People can apply for home purchases of up to €250,000 in Kerry, Kilkenny, Laois, Waterford and Roscommon, and up to €225,000 in Cavan, Donegal, Leitrim, Longford, Mayo, Monaghan, Sligo and Tipperary.

€75m allocated for this year

The Affordable House Bill has been allocated €620 million in the 2021 budget. Of this, €75 million is for shared equity portion of the plan. The government initially aims to help buy 2,000 homes.

But, the scheme has not yet been approved by the Central Bank. There is a risk that it will adversely affect inflation. However, the government claims that this has been mitigated by the need for safeguards, including price caps, and the availability of the least amount of equity for eligible borrowers.

More homes will hit the market

The Government and the Department of Housing believe that activating existing unused planning permissions will increase housing supply. The government says 40,000 homes will be available in Dublin alone.

It is hoped that this will close the gap for the so-called Generation Rent. Securing the manufacturing sector is expected to help create jobs and economic recovery.

Opposition says housing project is a big mistake

The opposition does not agree with any of the government’s arguments. Labour Party’s housing spokesperson Senator Rebecca Moynihan said the government is only concerned with large investors.

“Yet again the lobbyists have captured Government. Government has chosen to abandon cost rental, opting instead for a profit model and a shared equity scheme that expert commentators, such as the ESRI and Central Bank, have said is a demand side measure. This will increase house prices rather than represent a step change in our approach to housing, making it genuinely affordable for ordinary people,” she said.

Social Democrats housing spokesman Cian O’Callaghan also fully agrees with the Labor spokesperson. “The Government is living on another planet if it thinks €450,000 for a home in Dublin – and €400,000 in Cork and Galway – is affordable.
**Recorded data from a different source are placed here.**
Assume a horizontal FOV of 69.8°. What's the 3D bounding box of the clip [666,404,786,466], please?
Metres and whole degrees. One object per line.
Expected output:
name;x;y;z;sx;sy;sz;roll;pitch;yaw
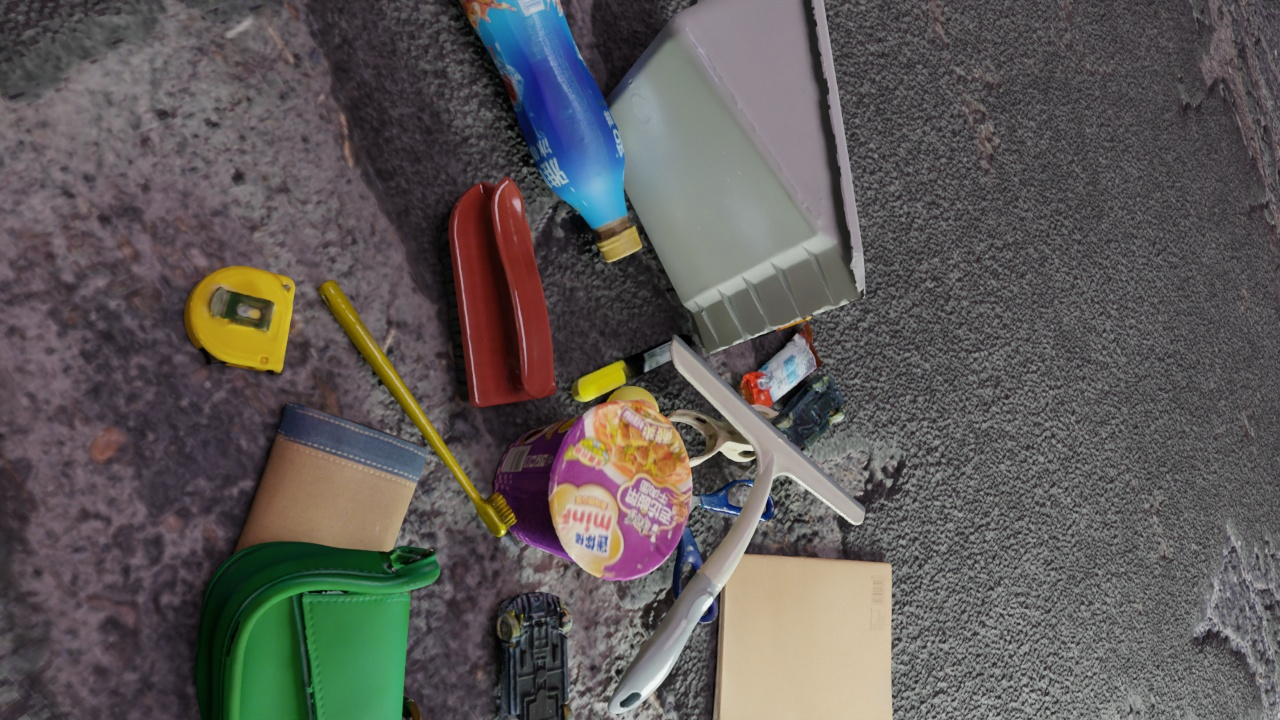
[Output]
clip;0.066;0.058;0.725;0.100;0.035;0.076;-4;68;-35

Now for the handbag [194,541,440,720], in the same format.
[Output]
handbag;-0.172;0.163;0.495;0.120;0.068;0.131;1;101;-35

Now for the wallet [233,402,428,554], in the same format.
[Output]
wallet;-0.183;0.091;0.538;0.090;0.033;0.115;24;72;-30

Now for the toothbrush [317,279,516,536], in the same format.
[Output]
toothbrush;-0.137;0.030;0.571;0.016;0.016;0.190;-40;99;-39

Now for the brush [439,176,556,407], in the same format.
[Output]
brush;-0.090;-0.045;0.599;0.063;0.069;0.146;-8;90;-39

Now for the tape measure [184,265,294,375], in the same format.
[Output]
tape measure;-0.225;-0.025;0.520;0.057;0.029;0.060;13;77;-35

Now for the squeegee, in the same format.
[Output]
squeegee;0.051;0.151;0.672;0.246;0.039;0.246;41;73;-27

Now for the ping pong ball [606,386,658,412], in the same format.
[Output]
ping pong ball;-0.007;0.039;0.672;0.040;0.040;0.040;5;82;-37

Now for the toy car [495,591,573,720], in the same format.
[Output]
toy car;-0.072;0.207;0.608;0.048;0.031;0.105;3;82;-36

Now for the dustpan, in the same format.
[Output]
dustpan;0.078;-0.164;0.653;0.142;0.223;0.258;-34;94;-23

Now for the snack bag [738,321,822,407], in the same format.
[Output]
snack bag;0.121;0.009;0.781;0.105;0.026;0.045;-35;111;-35

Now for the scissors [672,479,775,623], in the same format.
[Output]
scissors;0.039;0.121;0.712;0.175;0.012;0.162;6;78;-33

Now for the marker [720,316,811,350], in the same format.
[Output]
marker;0.101;-0.029;0.780;0.123;0.015;0.018;-19;99;-35

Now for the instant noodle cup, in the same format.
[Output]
instant noodle cup;-0.037;0.085;0.607;0.111;0.099;0.111;5;81;-36

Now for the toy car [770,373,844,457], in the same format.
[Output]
toy car;0.140;0.049;0.787;0.090;0.034;0.043;-44;113;-30

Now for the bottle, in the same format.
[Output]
bottle;-0.055;-0.174;0.644;0.065;0.065;0.219;-34;106;-35

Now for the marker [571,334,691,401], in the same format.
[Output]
marker;-0.004;0.004;0.696;0.123;0.015;0.018;-25;96;-40

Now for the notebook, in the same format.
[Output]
notebook;0.146;0.244;0.784;0.211;0.012;0.149;12;77;-36

It simply is not,” O’Callaghan said.

“These inflated price caps will mean that so-called affordable homes will be out of reach for most people. The decision to introduce the ‘shared equity’ scheme, and the inclusion of these expensive homes, is more about providing subsidies for developers than homes that are genuinely affordable,” he added.

Sinn Féin spokesperson on Housing Eoin Ó Broin TD said the scheme is disappointing. “We proposed to scrap the pro-developer shared equity loan scheme, and to divert the allocated €75million to local authority and approved housing body affordable rental and purchase homes.

“It is clear there has been no change in housing policy from the last government and the big losers will be first time buyers, single people and people who suffered relationship breakdown and lost their family home.

“The only way to tackle the affordable housing crisis is to fund local authorities, approved housing bodies and community housing trusts to deliver affordable homes to rent and buy at scale,” Ó Broin said.